Exercise instructions — With no images included, output each entry below exactly as it appears.

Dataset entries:
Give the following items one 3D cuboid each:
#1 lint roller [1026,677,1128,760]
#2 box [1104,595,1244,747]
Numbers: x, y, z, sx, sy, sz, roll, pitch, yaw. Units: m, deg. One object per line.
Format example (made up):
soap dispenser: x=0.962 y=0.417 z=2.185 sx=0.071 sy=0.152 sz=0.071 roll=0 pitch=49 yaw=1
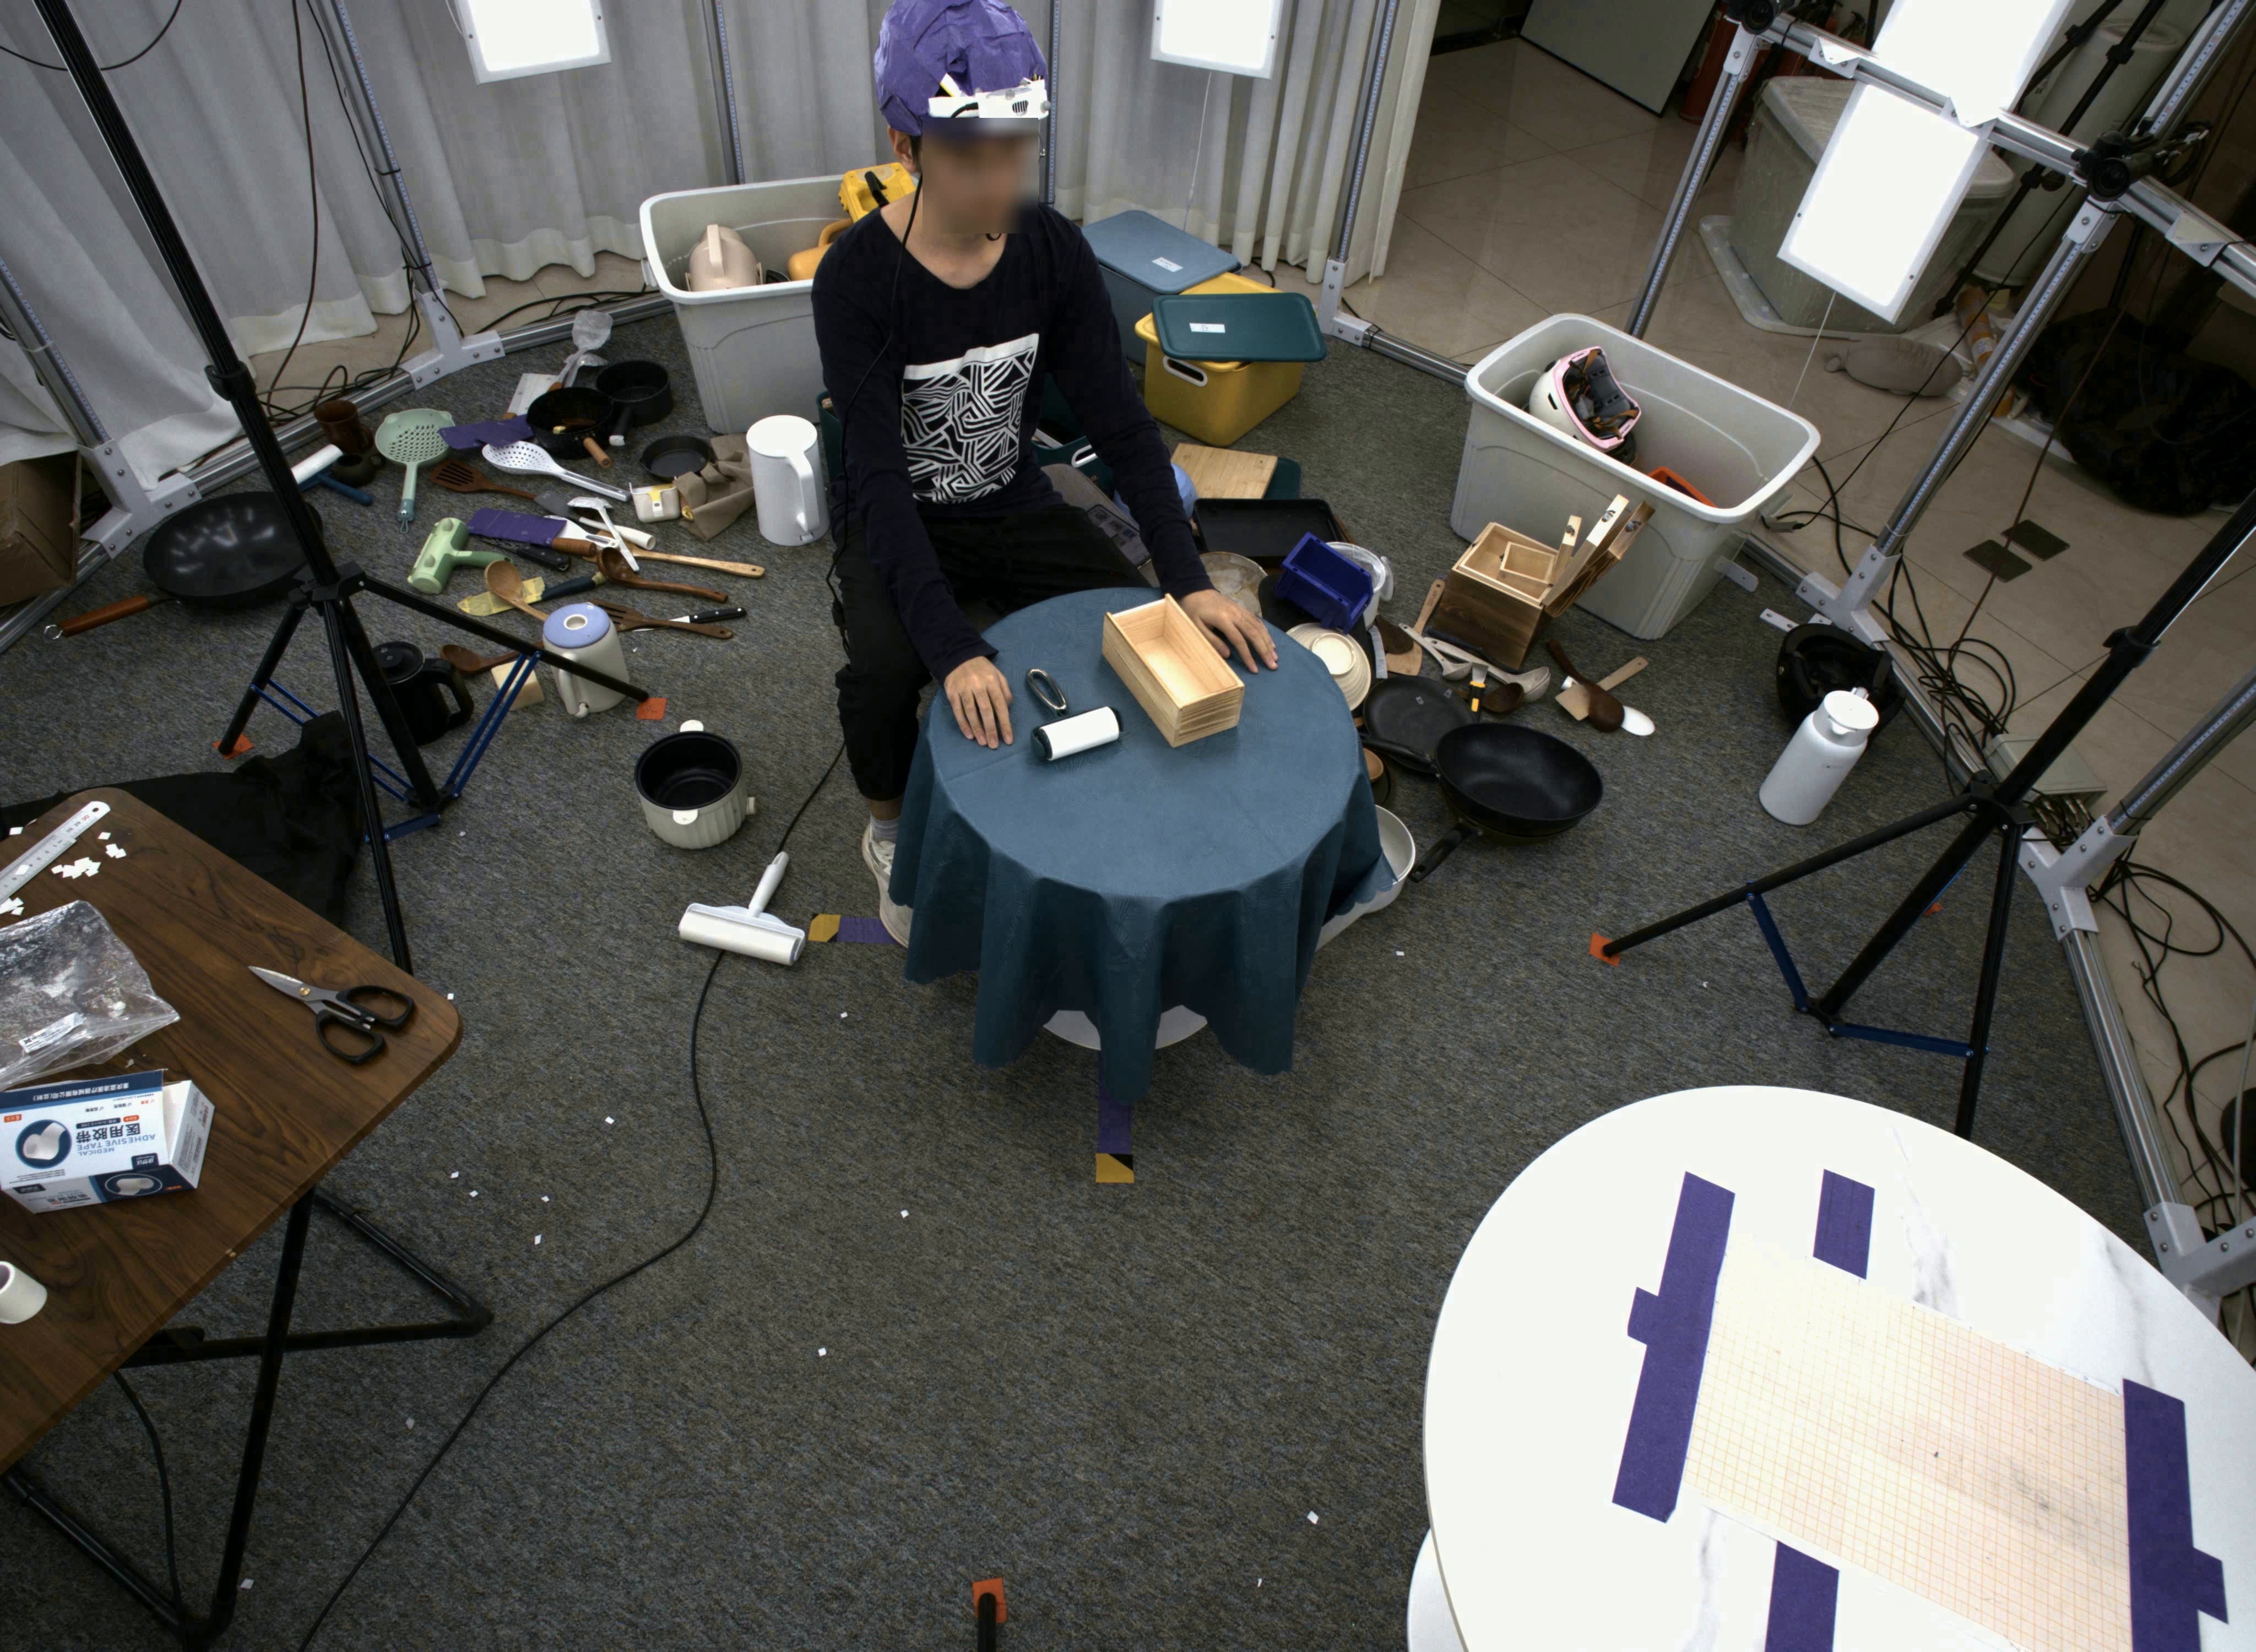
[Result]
lint roller: x=-0.098 y=-0.170 z=1.783 sx=0.134 sy=0.047 sz=0.184 roll=-19 pitch=49 yaw=-19
box: x=0.061 y=-0.221 z=1.812 sx=0.108 sy=0.078 sz=0.216 roll=-21 pitch=52 yaw=-20

Exercise response —
Give the following items one 3D cuboid each:
#1 lint roller [1026,677,1128,760]
#2 box [1104,595,1244,747]
Numbers: x, y, z, sx, sy, sz, roll, pitch, yaw. Units: m, deg. One object per line.
Format example (made up):
soap dispenser: x=0.962 y=0.417 z=2.185 sx=0.071 sy=0.152 sz=0.071 roll=0 pitch=49 yaw=1
[Result]
lint roller: x=-0.098 y=-0.170 z=1.783 sx=0.134 sy=0.047 sz=0.184 roll=-19 pitch=49 yaw=-19
box: x=0.061 y=-0.221 z=1.812 sx=0.108 sy=0.078 sz=0.216 roll=-21 pitch=52 yaw=-20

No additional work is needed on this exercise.